Under the Labor Code, group redun­dancies may not include certain catego­ries of employees, such as the highly qual­ified and the highly productive. Where choosing between employees with equal skills and experience, preference should be given to employees who:

- have two or more family depend­ants;

- are the only breadwinners in their families;

- are on continuous work experi­ence at the business;

- are students (whether at higher or secondary special schools);

- are former combatants, war invalids and veterans;

- suffer from a professional occupational disease or were disabled while working there;

-  are inventors;

- are former deportees, for the first five years after their return to Ukraine for permanent residence;

- are former servicemen of fixed-term military service and alternative (non-military) service, for two years after discharge.

The Draft Labor Code excludes the last three categories from the list but then gives them the same guarantees and preferences where they are hired in the previous 2 years under the relevant quota system.

In addition, legislation provides that certain categories of female employee may only be dismissed when a business is liquidated and must otherwise be offered further employment. These are women who are pregnant, single mothers with children who are either disabled or under 15 years old and other mothers with children up to 3 years old (or 6 years old of health problems).

Employees up to 18 years age may only be dismissed with the consent of the local commission for minors. Simi­larly, employees who are elected trade union officials may only be dismissed with the consent of their union.

The procedure for group redundan­cies does not differ greatly from that for individual dismissal: on their dismissal day, employees must be given their em­ployment record book, redundancy or­der and all amounts due to them, such as salary and vacation allowance. They must receive a severance payment equal to at least one month's average salary. They may also receive unemployment benefit for up to one year where they register as unemployed with the State Employment Service.

The Draft Labor Code envisages that severance payments will be equal to:

- the average monthly salary for employees who have worked at a busi­ness for less than 5 years;

- twice the average monthly salary for employees who have worked at the business for less than 10 years;

- three times the average monthly salary for employees who have worked at the business for more than 10 years.

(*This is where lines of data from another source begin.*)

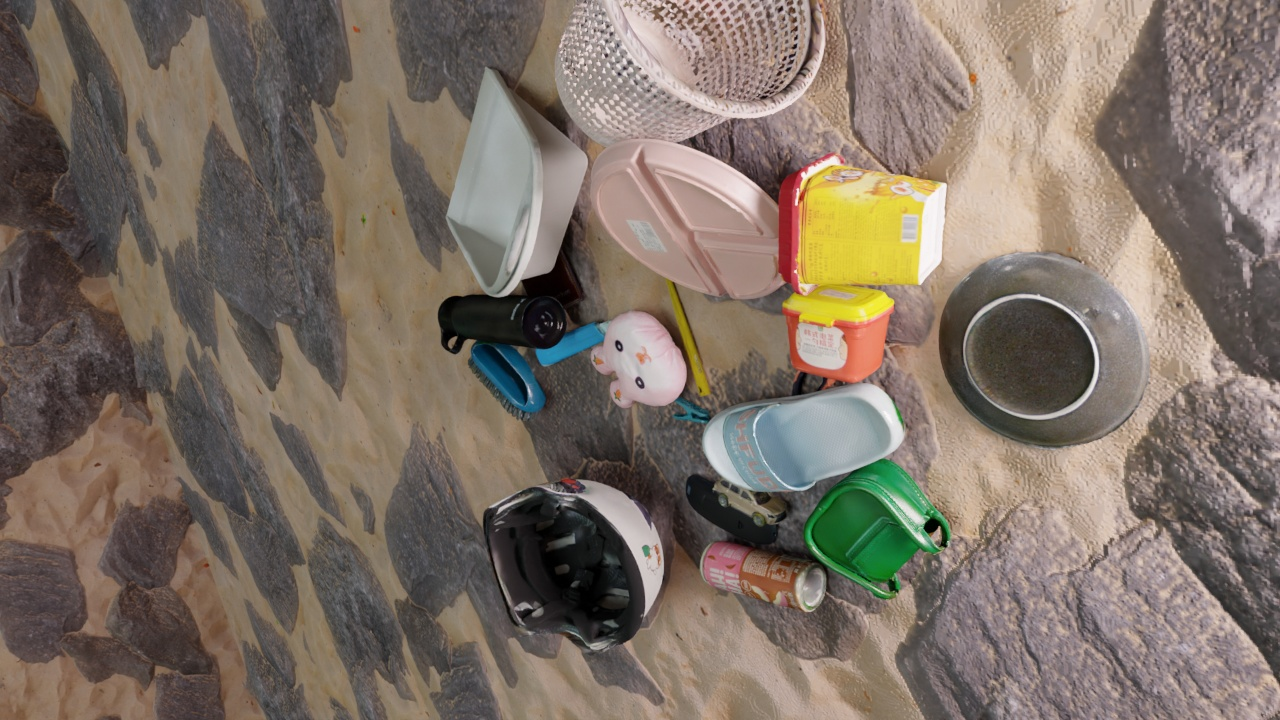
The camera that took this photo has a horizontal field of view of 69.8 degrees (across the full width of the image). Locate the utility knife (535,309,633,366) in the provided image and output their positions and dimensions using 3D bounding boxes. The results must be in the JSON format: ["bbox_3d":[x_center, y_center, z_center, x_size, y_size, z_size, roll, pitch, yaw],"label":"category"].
[{"bbox_3d":[-0.069,-0.030,1.183,0.217,0.018,0.034,-19,106,47],"label":"utility knife"}]

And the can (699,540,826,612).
[{"bbox_3d":[0.142,0.251,1.075,0.147,0.057,0.058,3,110,45],"label":"can"}]

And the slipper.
[{"bbox_3d":[0.157,0.088,0.949,0.246,0.074,0.104,-21,96,47],"label":"slipper"}]

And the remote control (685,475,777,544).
[{"bbox_3d":[0.103,0.182,1.106,0.136,0.024,0.053,24,123,36],"label":"remote control"}]

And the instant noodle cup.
[{"bbox_3d":[0.198,-0.118,0.815,0.124,0.115,0.116,10,116,29],"label":"instant noodle cup"}]

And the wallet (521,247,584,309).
[{"bbox_3d":[-0.127,-0.121,1.200,0.097,0.020,0.122,-20,96,48],"label":"wallet"}]

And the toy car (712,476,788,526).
[{"bbox_3d":[0.128,0.159,1.057,0.090,0.042,0.035,28,125,33],"label":"toy car"}]

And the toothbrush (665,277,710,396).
[{"bbox_3d":[0.044,-0.048,1.063,0.016,0.016,0.190,-10,101,48],"label":"toothbrush"}]

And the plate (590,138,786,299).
[{"bbox_3d":[0.048,-0.131,0.913,0.229,0.028,0.230,25,160,9],"label":"plate"}]

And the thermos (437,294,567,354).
[{"bbox_3d":[-0.198,-0.045,1.242,0.243,0.068,0.090,5,72,52],"label":"thermos"}]

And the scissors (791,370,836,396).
[{"bbox_3d":[0.167,0.061,0.994,0.203,0.015,0.204,17,121,39],"label":"scissors"}]

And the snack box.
[{"bbox_3d":[0.187,-0.026,0.880,0.091,0.081,0.080,15,117,38],"label":"snack box"}]

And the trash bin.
[{"bbox_3d":[0.023,-0.294,0.844,0.193,0.226,0.227,-22,93,61],"label":"trash bin"}]

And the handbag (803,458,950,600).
[{"bbox_3d":[0.239,0.173,0.933,0.120,0.067,0.132,44,134,20],"label":"handbag"}]

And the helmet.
[{"bbox_3d":[-0.071,0.254,1.219,0.275,0.156,0.230,-10,99,36],"label":"helmet"}]

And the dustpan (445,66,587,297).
[{"bbox_3d":[-0.176,-0.202,1.103,0.258,0.142,0.223,36,121,24],"label":"dustpan"}]

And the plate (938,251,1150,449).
[{"bbox_3d":[0.336,-0.004,0.787,0.180,0.024,0.180,21,122,38],"label":"plate"}]

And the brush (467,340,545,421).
[{"bbox_3d":[-0.187,0.017,1.296,0.144,0.055,0.074,45,135,21],"label":"brush"}]

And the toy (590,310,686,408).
[{"bbox_3d":[-0.007,0.006,1.117,0.121,0.054,0.160,59,145,2],"label":"toy"}]

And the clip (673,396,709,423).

Employees may claim these entitle­ments at court within a month of being given their redundancy order or em­ployment book.

If adopted, the Draft Labor Code will provide employees with more effective protection against unfair mass redun­dancies, not least because Article 101 requires employers to take measures to prevent mass redundancies, such as reducing working time and granting (paid or unpaid) leave.

However, the Draft Labor Code still contains the same major deficiency as its predecessor, which is the lack of any clear definition of mass redundancy.